Supplied material section start
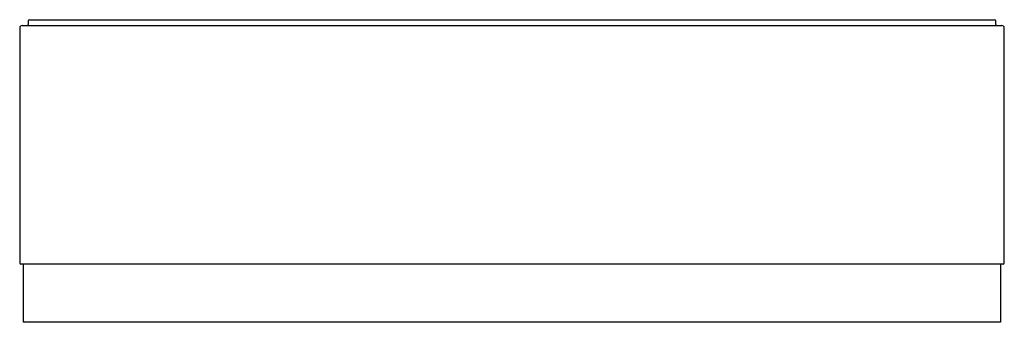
# Model space of a CAD drawing. Header units: millimetres. Extents: x 4106.41 to 4108.1, y 1289.29 to 1289.81.
import ezdxf

# ---------------------------------------------------------------- set-up
doc = ezdxf.new("R2010")
doc.units = ezdxf.units.MM
doc.layers.add('SANINDUSA', color=3, linetype='Continuous')

msp = doc.modelspace()

# ---------------------------------------------------------------- linework, layer by layer
at = {"layer": 'SANINDUSA'}
for p, q in [((4106.4224, 1289.813), (4106.4224, 1289.807)), ((4106.4244, 1289.815), (4106.5008, 1289.815)), ((4106.5008, 1289.815), (4108.0069, 1289.815)), ((4108.0069, 1289.815), (4108.0833, 1289.815)), ((4108.0853, 1289.807), (4108.0853, 1289.813)), ((4106.4077, 1289.801), (4106.4077, 1289.397)), ((4106.4117, 1289.805), (4106.4937, 1289.805)), ((4106.4937, 1289.805), (4108.014, 1289.805)), ((4108.014, 1289.805), (4108.096, 1289.805)), ((4108.1, 1289.397), (4108.1, 1289.801)), ((4106.4103, 1289.395), (4106.4097, 1289.395)), ((4106.4923, 1289.395), (4106.4103, 1289.395)), ((4106.4139, 1289.393), (4106.4139, 1289.2956)), ((4108.0154, 1289.395), (4106.4923, 1289.395)), ((4108.0974, 1289.395), (4108.0154, 1289.395)), ((4108.0938, 1289.2956), (4108.0938, 1289.393)), ((4108.098, 1289.395), (4108.0974, 1289.395)), ((4106.4994, 1289.295), (4106.4145, 1289.295)), ((4108.0084, 1289.295), (4106.4994, 1289.295)), ((4108.0932, 1289.295), (4108.0084, 1289.295))]:
    msp.add_line(p, q, dxfattribs=at)
for centre, radius, start, end in [((4106.4244, 1289.813), 0.002, 90, 180), ((4108.0833, 1289.813), 0.002, 0, 90), ((4106.4117, 1289.801), 0.004, 90, 180), ((4106.4204, 1289.807), 0.002, 270, 0), ((4108.0873, 1289.807), 0.002, 180, 270), ((4108.096, 1289.801), 0.004, 0, 90), ((4106.4097, 1289.397), 0.002, 180, 270), ((4108.098, 1289.397), 0.002, 270, 0), ((4108.0932, 1289.2956), 0.000633, 274.0968, 355.9032)]:
    msp.add_arc(centre, radius, start, end, dxfattribs=at)
msp.add_ellipse((4106.4159, 1289.297), major_axis=(0.00185, 0.00185), ratio=0.414214, start_param=1.963495, end_param=3.534292, dxfattribs=at)
for points, knots in [([(4106.4131, 1289.395), (4106.4131, 1289.395), (4106.4131, 1289.395), (4106.4132, 1289.395), (4106.4134, 1289.3948), (4106.4137, 1289.3943), (4106.4139, 1289.3937), (4106.4139, 1289.3932), (4106.4139, 1289.393)], [0, 0, 0, 0, 0.100509, 0.306584, 0.484785, 0.648494, 0.821022, 1, 1, 1, 1]), ([(4108.0938, 1289.393), (4108.0938, 1289.3931), (4108.0938, 1289.3935), (4108.0939, 1289.3941), (4108.0942, 1289.3946), (4108.0945, 1289.3949), (4108.0946, 1289.395), (4108.0946, 1289.395), (4108.0946, 1289.395)], [0, 0, 0, 0, 0.092002, 0.269908, 0.447054, 0.620722, 0.804487, 1, 1, 1, 1])]:
    msp.add_open_spline(points, degree=3, knots=knots, dxfattribs=at)

doc.saveas('drawing.dxf')
Supplied material section end
Goal of the exercise ▸
Throughout the material above, count each line holding "ezdxf" and answer with the total alone.

Task solution ▸
3